Required action: Emit an exact copy of the lines running from the start of the records to the line containing "9) box (211,384,692,539)", both included.

(Data items)
>>>>>

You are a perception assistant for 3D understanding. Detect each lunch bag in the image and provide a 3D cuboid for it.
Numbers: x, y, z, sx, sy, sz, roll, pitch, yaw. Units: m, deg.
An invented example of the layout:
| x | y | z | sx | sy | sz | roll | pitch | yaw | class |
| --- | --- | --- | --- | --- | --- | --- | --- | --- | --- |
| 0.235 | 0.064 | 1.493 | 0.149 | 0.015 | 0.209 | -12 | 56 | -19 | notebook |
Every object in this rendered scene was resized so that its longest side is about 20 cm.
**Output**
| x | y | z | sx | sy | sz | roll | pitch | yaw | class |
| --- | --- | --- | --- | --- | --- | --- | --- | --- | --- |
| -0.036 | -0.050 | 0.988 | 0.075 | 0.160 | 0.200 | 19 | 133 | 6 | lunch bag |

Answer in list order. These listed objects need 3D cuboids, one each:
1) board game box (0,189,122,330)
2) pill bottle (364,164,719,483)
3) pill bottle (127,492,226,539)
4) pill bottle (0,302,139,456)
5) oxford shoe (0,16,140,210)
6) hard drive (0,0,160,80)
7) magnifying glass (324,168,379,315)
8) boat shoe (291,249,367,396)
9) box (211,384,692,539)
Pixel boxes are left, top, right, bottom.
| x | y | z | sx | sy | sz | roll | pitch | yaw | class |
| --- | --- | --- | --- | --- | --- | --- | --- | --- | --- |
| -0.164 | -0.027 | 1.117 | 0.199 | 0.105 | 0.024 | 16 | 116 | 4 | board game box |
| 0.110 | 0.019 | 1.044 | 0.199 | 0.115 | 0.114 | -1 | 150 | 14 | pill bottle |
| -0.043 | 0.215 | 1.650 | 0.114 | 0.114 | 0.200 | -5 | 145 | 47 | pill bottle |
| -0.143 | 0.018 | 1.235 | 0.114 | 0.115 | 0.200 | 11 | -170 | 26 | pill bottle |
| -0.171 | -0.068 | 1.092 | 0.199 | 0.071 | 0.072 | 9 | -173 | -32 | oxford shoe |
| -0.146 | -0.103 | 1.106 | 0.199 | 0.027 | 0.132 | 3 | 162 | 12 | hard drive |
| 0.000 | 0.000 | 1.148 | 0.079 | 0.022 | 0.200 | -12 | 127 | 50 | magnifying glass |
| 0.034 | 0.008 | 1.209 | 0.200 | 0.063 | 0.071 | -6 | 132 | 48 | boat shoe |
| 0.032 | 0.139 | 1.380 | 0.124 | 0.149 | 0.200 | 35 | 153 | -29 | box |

<<<<<

Reply:
You are a perception assistant for 3D understanding. Detect each lunch bag in the image and provide a 3D cuboid for it.
Numbers: x, y, z, sx, sy, sz, roll, pitch, yaw. Units: m, deg.
An invented example of the layout:
| x | y | z | sx | sy | sz | roll | pitch | yaw | class |
| --- | --- | --- | --- | --- | --- | --- | --- | --- | --- |
| 0.235 | 0.064 | 1.493 | 0.149 | 0.015 | 0.209 | -12 | 56 | -19 | notebook |
Every object in this rendered scene was resized so that its longest side is about 20 cm.
**Output**
| x | y | z | sx | sy | sz | roll | pitch | yaw | class |
| --- | --- | --- | --- | --- | --- | --- | --- | --- | --- |
| -0.036 | -0.050 | 0.988 | 0.075 | 0.160 | 0.200 | 19 | 133 | 6 | lunch bag |

Answer in list order. These listed objects need 3D cuboids, one each:
1) board game box (0,189,122,330)
2) pill bottle (364,164,719,483)
3) pill bottle (127,492,226,539)
4) pill bottle (0,302,139,456)
5) oxford shoe (0,16,140,210)
6) hard drive (0,0,160,80)
7) magnifying glass (324,168,379,315)
8) boat shoe (291,249,367,396)
9) box (211,384,692,539)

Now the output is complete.